The endocrine system is a complex group of glands. Glands are organs that make hormones. Hormones help to control activities in your child’s body. Different types of hormones control reproduction, metabolism (food burning and waste elimination) and growth and development. Hormones also control the way you respond to your surroundings, and they help to provide the proper amount of energy and nutrition your body needs to function. The glands that make up the endocrine system include the thyroid, parathyroid, pancreas, ovaries, testes, adrenal, pituitary and hypothalamus.
What is the metabolic system?
The metabolic system is a control system of the body that keeps the body's health in balance through the production of chemical substances.
Diseases and Disorders
Diabetes in children is mostly caused by insufficient secretion of insulin (Type 1 diabetes). Signs and symptoms include high blood sugar, increased thirst, frequent urination and weight loss. If left untreated, it is usually fatal. If poorly treated, it leads to severe long term complications such as eye and kidney disease. Treatment requires daily administration of insulin, appropriate diet and regular monitoring of blood sugar.

Growth and puberty
Hormones such as growth hormone, thyroid hormones and testosterone/estrogens are, together with optimal nutrition, necessary to achieve normal pubertal development and final height.

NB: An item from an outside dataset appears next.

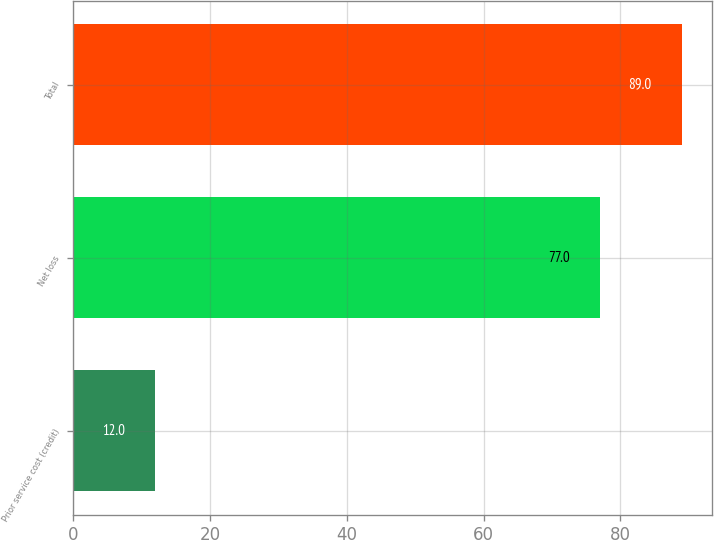Convert chart to OTSL. <chart><loc_0><loc_0><loc_500><loc_500><bar_chart><fcel>Prior service cost (credit)<fcel>Net loss<fcel>Total<nl><fcel>12<fcel>77<fcel>89<nl></chart> 
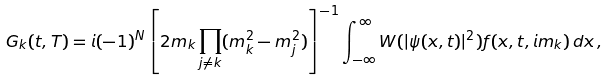<formula> <loc_0><loc_0><loc_500><loc_500>G _ { k } ( t , T ) = i ( - 1 ) ^ { N } \left [ 2 m _ { k } \prod _ { j \neq k } ( m _ { k } ^ { 2 } - m _ { j } ^ { 2 } ) \right ] ^ { - 1 } \int _ { - \infty } ^ { \infty } W ( | \psi ( x , t ) | ^ { 2 } ) f ( x , t , i m _ { k } ) \, d x \, ,</formula>

Disorders of sexual development
Disorders of sex development (DSD) are congenital conditions in which sex development is atypical or ambiguous. These abnormalities potentially lead to major consequences for the neonate: undervirilization in males and virilization in females, abnormal pubertal development, absent or decreased fertility, recurrent infections in the genital area, inability to have normal sexual intercourse and poor quality of life. In addition, in the case of ambiguity, the genitalia do not have the normal appearance that allows the parents or health professionals to readily assign a male or a female sex.

Thyroid diseases
The thyroid gland is a small butterfly shaped gland located at the base of the neck. It makes hormones that are necessary for brain development and growth. Neonates born with abnormal or absent thyroid gland may present with mental retardation and short stature. If recognized early, treatment costs a few dollars per month and is very effective.

Childhood obesity, defined as an excess in body fat that can have negative effects on health, is rapidly increasing in developing countries. Complications that can be seen in pediatrics include Type 2 diabetes, excess hair and infertility in girls, liver dysfunction.

Adrenal glands
Adrenal glands are 2 small glands located on top of the kidneys. They make very important hormones such as cortisol (the “stress hormone”) and aldosterone (necessary to prevent salt loss by the kidney).

Calcium and bones
Calcium is necessary for bone health. Its absorption and excretion are tightly regulated by hormones such as parathormone and vitamin D.